Spanish uses preposition + infinitive because infinitives can behave like compact clauses. The price of that compression is that the subject is often implicit.

Antes de salir, revisé el correo.

Before leaving, I checked email.

The natural reading is that the same person left and checked email. If the subject differs, Spanish often needs a fuller clause:

Antes de que saliera Ana, revisé el correo.

Before Ana left, I checked email.

This subject-recovery issue is central to every preposition + infinitive pattern:

Compressed phraseExpanded meaning
antes de salirbefore leaving
después de comerafter eating
al llegarupon/when arriving
para entender el textoin order to understand the text
por no saber la reglabecause of not knowing the rule
sin avisarwithout notifying
con estudiar másby studying more / if one studies more

Al + infinitive deserves special attention because it often translates as a time clause:

Al llegar al hotel, llamé a mi familia.

When I arrived at the hotel, I called my family.

Por + infinitive can mark cause:

Perdió puntos por no citar las fuentes.

He/she lost points for not citing the sources.

It can also appear in pending-action expressions:

Quedan varios temas por resolver.

Several issues remain to be resolved.

Para + infinitive usually points to purpose:

Lee el párrafo otra vez para entender el argumento.

Read the paragraph again in order to understand the argument.

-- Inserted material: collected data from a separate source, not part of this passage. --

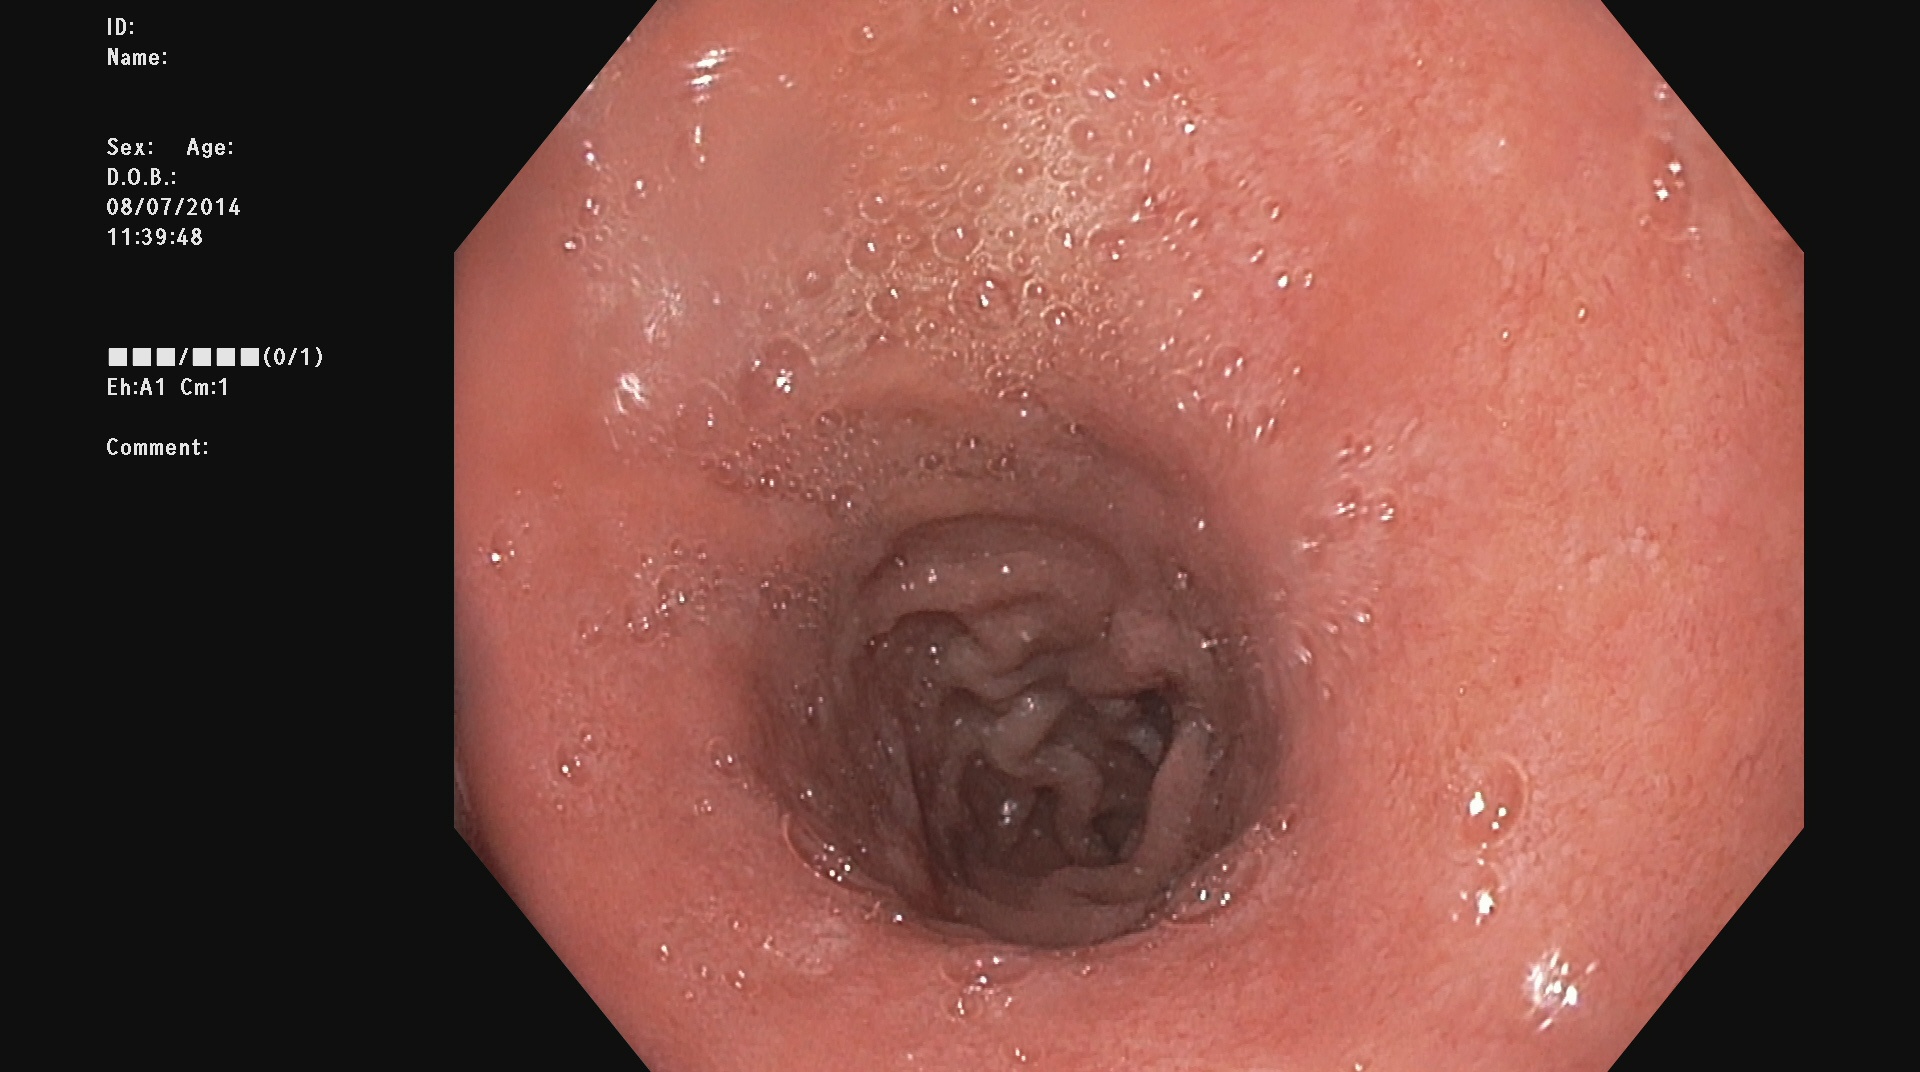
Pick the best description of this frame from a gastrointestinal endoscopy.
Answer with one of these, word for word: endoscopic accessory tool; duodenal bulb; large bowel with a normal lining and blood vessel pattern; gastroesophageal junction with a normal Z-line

duodenal bulb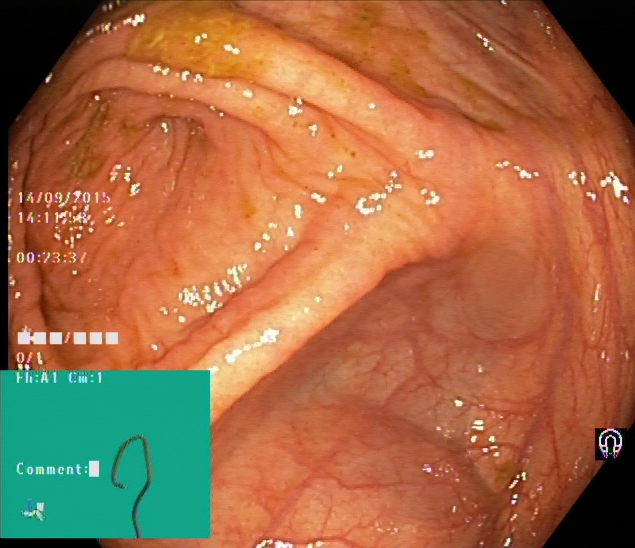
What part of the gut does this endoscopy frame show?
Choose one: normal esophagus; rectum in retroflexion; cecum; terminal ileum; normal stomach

cecum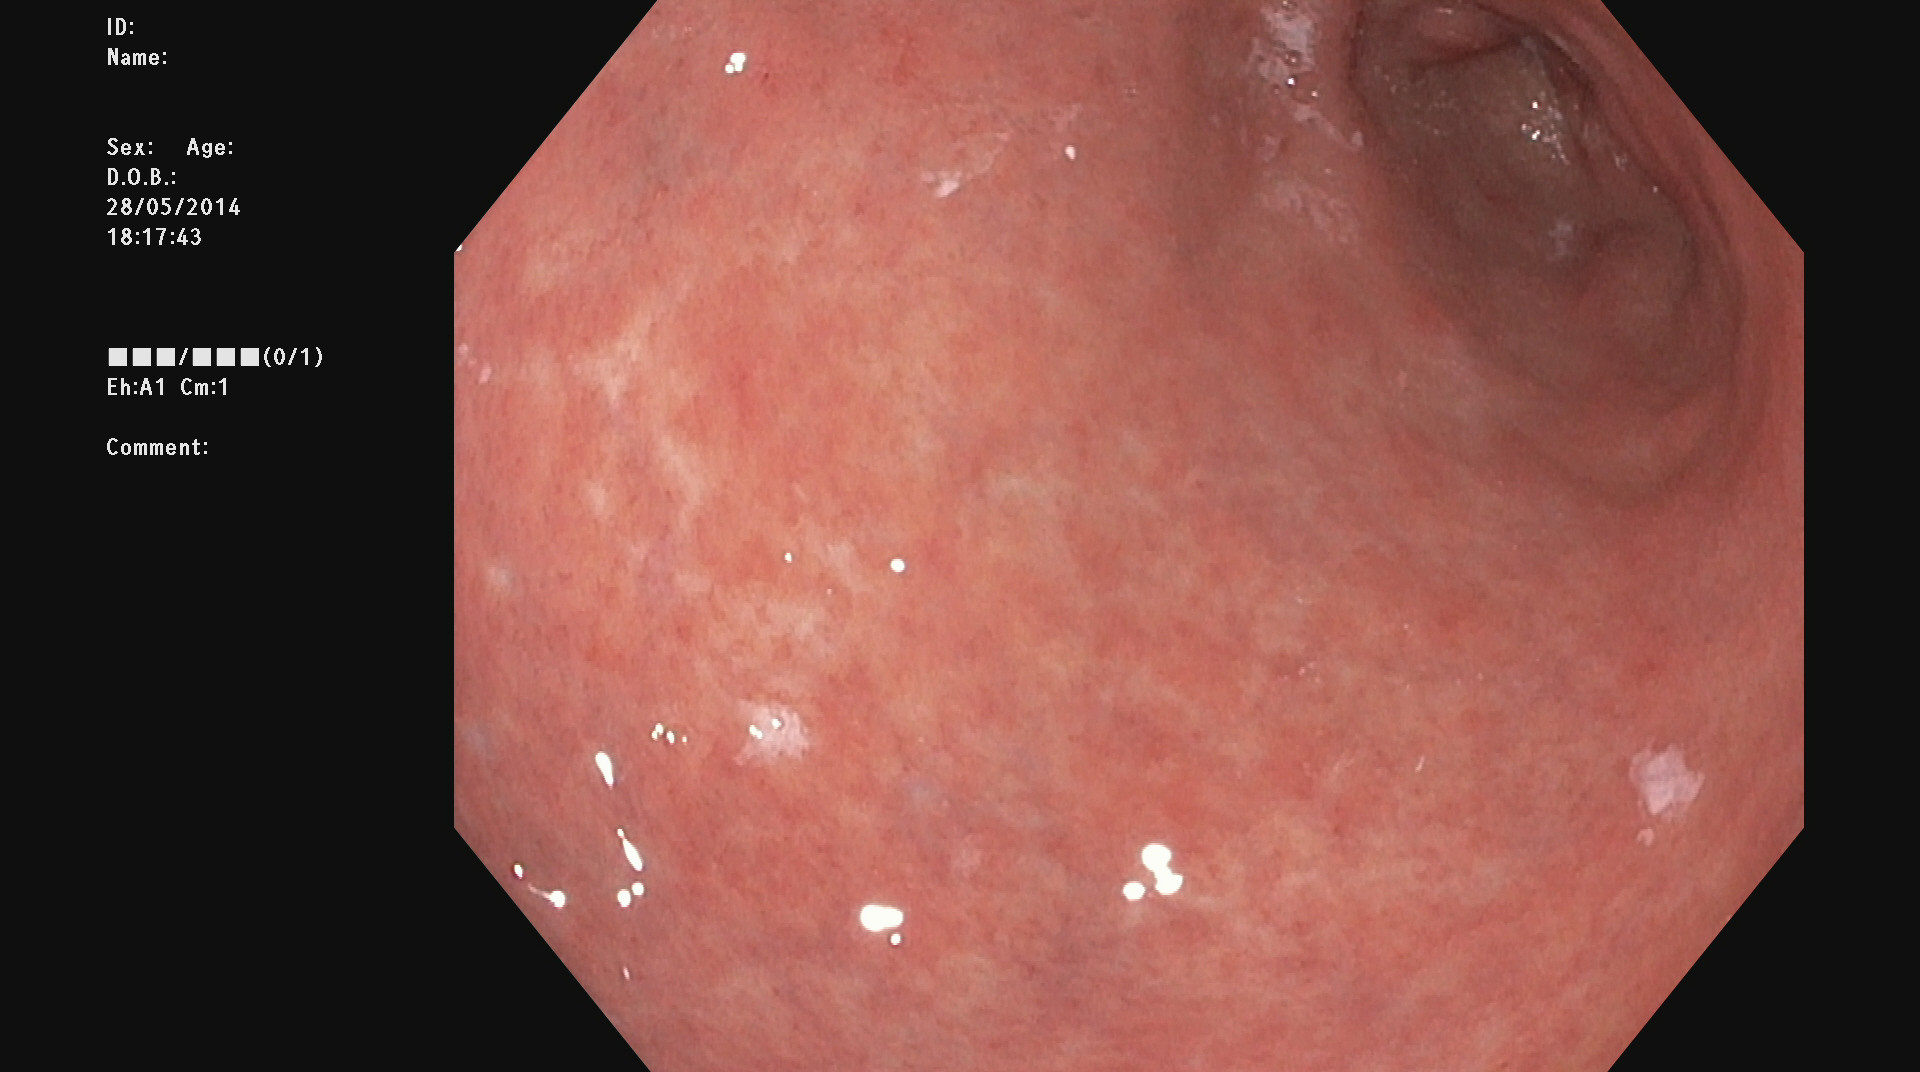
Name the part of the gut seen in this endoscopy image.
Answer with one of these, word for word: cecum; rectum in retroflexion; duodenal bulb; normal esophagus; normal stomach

normal stomach

The repair method is simple:

  1. Identify the preposition.
  2. Expand the infinitive into a clause in your own words.
  3. Ask whose action the infinitive names.
  4. If the subject is unclear or different, consider que + finite verb instead of an infinitive.
  5. Recompress only when the relation remains clear.

This is why preposition + infinitive structures are powerful in formal Spanish: they pack timing, cause, purpose, absence, and condition into short phrases. They are elegant only when the reader can recover the missing subject.

Suggested interactive module: clause expander

A useful tool for this article would expand compressed infinitive phrases into full clauses.

Suggested functions:

  1. Preposition labeler: time before/after, event trigger, purpose, cause, absence, means, target.
  2. Infinitive detector: flags gerunds after Spanish prepositions.
  3. Subject recovery: asks who performs the infinitive action.
  4. Clause expansion: converts al llegar into cuando llegó/llegue, depending on context.
  5. Ambiguity warning: suggests full clauses when subjects differ.

Example input:

Sin leer el contrato, firmó.

Possible output:

  • sin leer = without reading.
  • Likely subject of leer = same as firmó.
  • Expanded: “He/she signed without reading the contract.”

Final rule

Spanish prepositions take infinitives where English often uses gerunds or full clauses: antes de salir, después de comer, al llegar, para entender, por no saber, sin avisar.

The infinitive compresses a clause. To read it well, identify the preposition’s meaning and recover the subject of the infinitive. To write it well, avoid English gerund interference and learn the fixed prepositional patterns: antes de, después de, al, para, por, sin, con, and a.